As the Amos family was driving west in a covered wagon, with tall trees and underbrush on each side of the road, Catherine, who was riding ahead, was startled by the cry of Indians.  Quick as a flash, she turned her beautiful saddle horse, for which Kentucky is so famous, and rode back to the wagon to warn her family.  They returned to the nearest village and waited several days before they continued their journey.

On another occasion as she rode ahead of the covered wagon, Catherine stopped at a house in a village to ask for a drink of water.  Imagine her surprise when her Uncle, the Reverent Elijah Amos, met her at the door.  They had not received any letters from his family in months, a not uncommon thing in those days.  The Amos family stayed at his home for a time, and then proceeded on their journey.

Catherine rode her saddle horse all the way from Bourbon County, Kentucky, to Vermilion County, Illinois.  Her riding skirt almost touched the ground as she sat on her horse.  Her side saddle was upholstered with red plush.  I remember her saddle as it hung in the buggy shed for years and years.  Oh, if I just had it now.
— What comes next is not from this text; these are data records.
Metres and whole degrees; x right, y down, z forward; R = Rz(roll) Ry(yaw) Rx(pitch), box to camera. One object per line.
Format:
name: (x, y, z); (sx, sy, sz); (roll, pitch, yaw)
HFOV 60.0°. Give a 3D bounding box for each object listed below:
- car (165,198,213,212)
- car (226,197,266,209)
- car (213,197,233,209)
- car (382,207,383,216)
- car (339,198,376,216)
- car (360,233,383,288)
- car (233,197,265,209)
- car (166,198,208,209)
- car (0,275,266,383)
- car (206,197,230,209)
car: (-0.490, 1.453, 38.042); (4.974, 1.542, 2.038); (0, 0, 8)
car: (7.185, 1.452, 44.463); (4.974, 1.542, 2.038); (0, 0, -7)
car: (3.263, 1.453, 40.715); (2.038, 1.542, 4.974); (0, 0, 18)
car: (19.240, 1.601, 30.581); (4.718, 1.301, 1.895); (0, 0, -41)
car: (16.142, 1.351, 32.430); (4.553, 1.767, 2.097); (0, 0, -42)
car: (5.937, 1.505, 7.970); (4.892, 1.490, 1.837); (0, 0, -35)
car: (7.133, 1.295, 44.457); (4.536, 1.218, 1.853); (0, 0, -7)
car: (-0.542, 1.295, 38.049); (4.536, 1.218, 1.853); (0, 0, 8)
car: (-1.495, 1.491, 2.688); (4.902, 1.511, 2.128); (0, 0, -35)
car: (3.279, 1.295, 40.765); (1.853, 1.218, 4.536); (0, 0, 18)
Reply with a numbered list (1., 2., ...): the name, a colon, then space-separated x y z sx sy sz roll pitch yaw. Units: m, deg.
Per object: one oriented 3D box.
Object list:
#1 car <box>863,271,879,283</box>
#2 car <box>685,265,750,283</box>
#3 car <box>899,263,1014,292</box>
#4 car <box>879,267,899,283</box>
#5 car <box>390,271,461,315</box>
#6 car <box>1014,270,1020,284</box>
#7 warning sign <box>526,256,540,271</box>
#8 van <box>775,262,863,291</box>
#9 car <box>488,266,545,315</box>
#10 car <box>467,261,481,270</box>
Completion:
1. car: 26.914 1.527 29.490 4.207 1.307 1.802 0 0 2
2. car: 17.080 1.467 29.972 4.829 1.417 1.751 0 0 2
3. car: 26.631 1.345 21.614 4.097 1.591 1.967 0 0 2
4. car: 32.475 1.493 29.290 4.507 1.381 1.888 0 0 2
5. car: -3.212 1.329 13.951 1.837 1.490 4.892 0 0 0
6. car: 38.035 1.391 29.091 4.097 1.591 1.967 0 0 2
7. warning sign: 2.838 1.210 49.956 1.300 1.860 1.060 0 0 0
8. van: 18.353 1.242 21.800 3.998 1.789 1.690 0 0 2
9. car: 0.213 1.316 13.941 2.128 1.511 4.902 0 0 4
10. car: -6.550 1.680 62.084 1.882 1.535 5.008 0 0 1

On June 30, 1822, the Amos family arrived in Vermillion County, Illinois.  There, at her journey’s end, Miss Catherine met the young man she was destined never to forget, and on April the fifth, 1831, she was united in marriage to Jeremiah Hollingsworth.

In 1840 the whole Hollingsworth family came to Keokuk County, Iowa.  The whole family consisted of Ezekiel Hollingsworth, his wife and twelve children and their families.  Jeremiah was a son of Ezekiel.  Their forefather, Valentine Hollingsworth, came to this country with William Penn, so when Ezekiel’s family settled in Iowa, it was fitting that all the Hollingsworths became members of the Friends church at Rocky Run.  The first minister of this church was John Howard, and another was John Y. Hoover, uncle of the former President, Herbert Hoover.  To go to Rocky Run from the Hollingsworth home, one had to ford the Richland Creek, over which there were no bridges, and sometimes they had to cross in a boat when the water was high.  But they went to Meeting just the same.

When the Hollingsworths settled in Iowa, the state was passing through the earliest stages of pioneer life.  They had come far away from the well-established reign of law and had entered a new country, where civil authority was still feeble and totally unable to afford protection and to redress grievances.  The settlers lived here in Keokuk County for quite some time before there was a single officer of the law in the county.  Each man’s protection was the good will and friendship of those about him, and the thing any man might well dread was the ill will of the Community, a force more terrible than the law.  It was no uncommon thing in the early times for hardened men, who had no fear of jails and penitentiary, to stand in great fear of the indignation of a pioneer community.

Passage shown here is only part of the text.